From the bank’s point of view, the challenge has been that we had to work in a very different environment. Most of the people in our headquarters today are still working from home. A banking operation is a very complex IT and human interaction, so I think it was a very positive experience for all of us that everyone managed to successfully address this challenge in a few weeks. We had to change very quickly from one modus operandi to another. We had to maintain service levels to give our customers a seamless experience, and at the same time change the way we work together. This worked very well and I am very proud of our colleagues. We managed to maintain very high standards and service quality. This is something that had never been tested before. We also introduced many new policies and protection features, especially in the branches to protect our employees and our clients.
Going forward, what will be key in your opinion to speed up the recovery and have Hungary return to pre-crisis levels of growth?
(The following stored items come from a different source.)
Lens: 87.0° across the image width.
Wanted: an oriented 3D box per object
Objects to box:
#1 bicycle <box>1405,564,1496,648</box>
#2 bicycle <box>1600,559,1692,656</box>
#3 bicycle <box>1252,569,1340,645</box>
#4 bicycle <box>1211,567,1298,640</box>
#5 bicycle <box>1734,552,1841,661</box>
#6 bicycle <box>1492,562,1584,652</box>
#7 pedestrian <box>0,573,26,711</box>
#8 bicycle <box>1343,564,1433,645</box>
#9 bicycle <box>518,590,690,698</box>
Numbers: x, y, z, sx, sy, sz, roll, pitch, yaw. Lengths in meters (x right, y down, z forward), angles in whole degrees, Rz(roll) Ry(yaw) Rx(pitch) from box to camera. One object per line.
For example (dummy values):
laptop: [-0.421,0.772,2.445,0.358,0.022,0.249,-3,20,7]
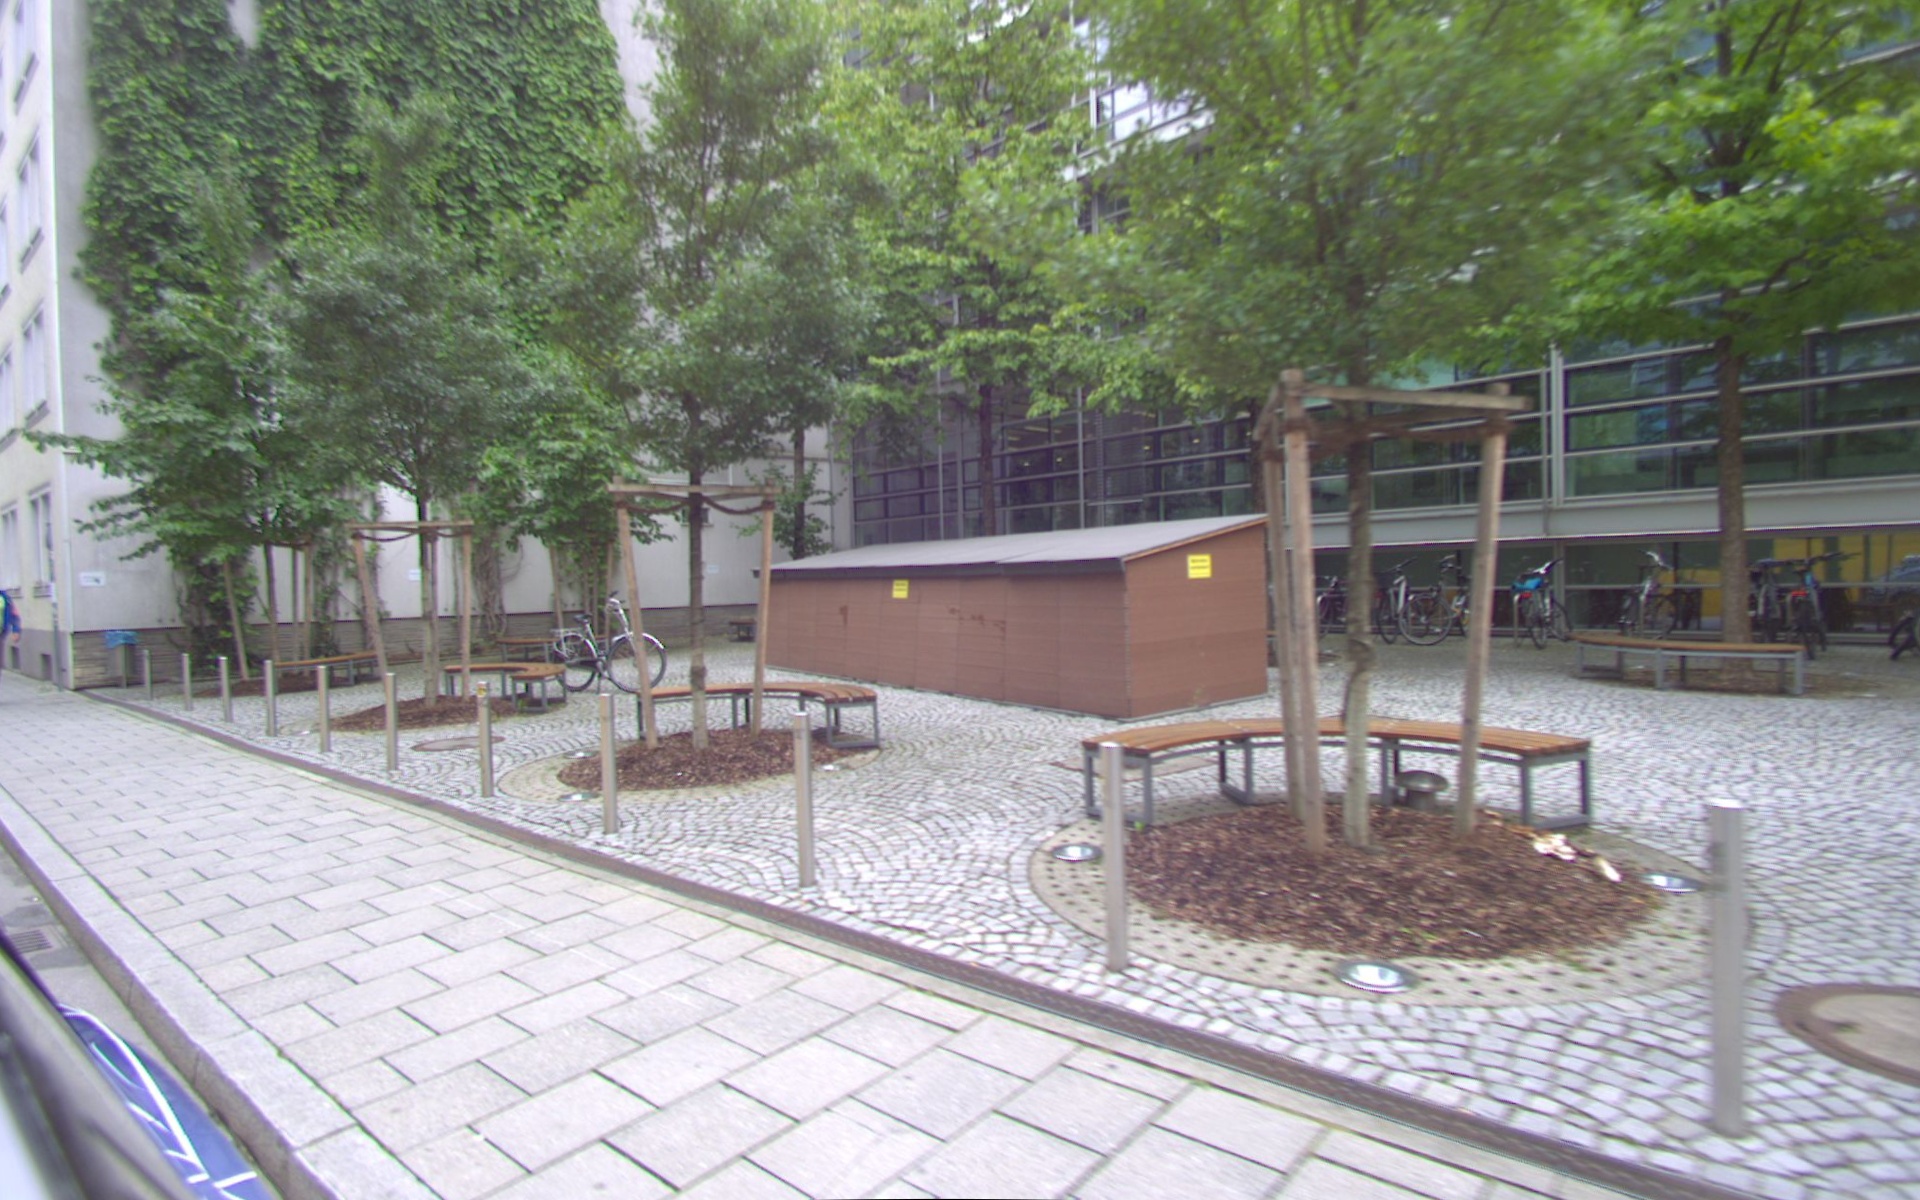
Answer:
bicycle: [6.708,0.061,13.813,0.629,1.068,1.554,-1,1,44]
bicycle: [8.165,0.064,12.023,0.629,1.068,1.554,-1,1,44]
bicycle: [5.120,0.085,15.379,0.629,1.068,1.554,-1,1,44]
bicycle: [4.648,0.042,15.902,0.629,1.068,1.554,-1,1,44]
bicycle: [9.049,0.036,11.038,1.875,1.066,0.705,-4,2,-45]
bicycle: [7.408,0.072,12.952,0.629,1.068,1.554,-1,1,44]
pedestrian: [-13.489,0.588,13.888,0.974,1.858,0.849,-1,2,43]
bicycle: [6.118,0.048,14.427,0.629,1.068,1.554,-1,1,44]
bicycle: [-4.329,0.524,12.303,1.986,1.217,0.708,-1,2,24]

It will happen at some point. This crisis is very unusual: this is not an economic crisis nor a financial crisis, but it is an external crisis brought in by external factors. As soon as the COVID-19 virus retracts, the economy will start booming. We have witnessed a strong decline of economic activity and GDP in the second quarter everywhere, but in the third quarter when the pandemic was more under control, we saw an immediate strong rebound in the economy. It proves that this is really an external problem to the economy. Once the virus problem is solved, economies will start to grow fast again. We truly hope that vaccines will be widely available across Europe in the first or second quarter next year and thus the COVID-19 problem will start to go away.
As we are closing the big 2020 chapter and starting a fresh new year with a blank sheet, how would you summarize your plans and priorities for 2021, post-crisis, and for the longer-term, to take OTP Group to the next level? What would you like to accomplish most for the group?
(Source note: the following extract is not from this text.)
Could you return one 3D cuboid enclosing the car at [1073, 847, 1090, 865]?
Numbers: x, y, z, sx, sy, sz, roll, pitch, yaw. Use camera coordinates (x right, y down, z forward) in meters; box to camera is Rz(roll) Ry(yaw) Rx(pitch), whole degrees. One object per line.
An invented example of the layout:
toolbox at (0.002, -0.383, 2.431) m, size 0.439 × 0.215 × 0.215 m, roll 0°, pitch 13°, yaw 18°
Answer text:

We want to grow both organically and through acquisitions. We aim to increase our market share in the countries where we are present. Digital development and innovation are equally key for us, just as important as growth, because those are long-term success factors for our Group. Once the COVID-19 situation is over, the loan demand will increase again. We want to be there to service that demand and fulfil that demand. We expect an accelerated growth in 2021, not just in the outside environment and in the economy, but also in terms of our business activities. We would like to use that environment and these opportunities to increase our market share in the countries where we are already present.
What is your final and direct message to our audience?
I am convinced that Central-Eastern Europe is one of the most dynamic, fast-growing, yet stable regions – probably in the whole world. We invest all our energy and capital in this region. Going forward, we have very positive expectations for the next decade.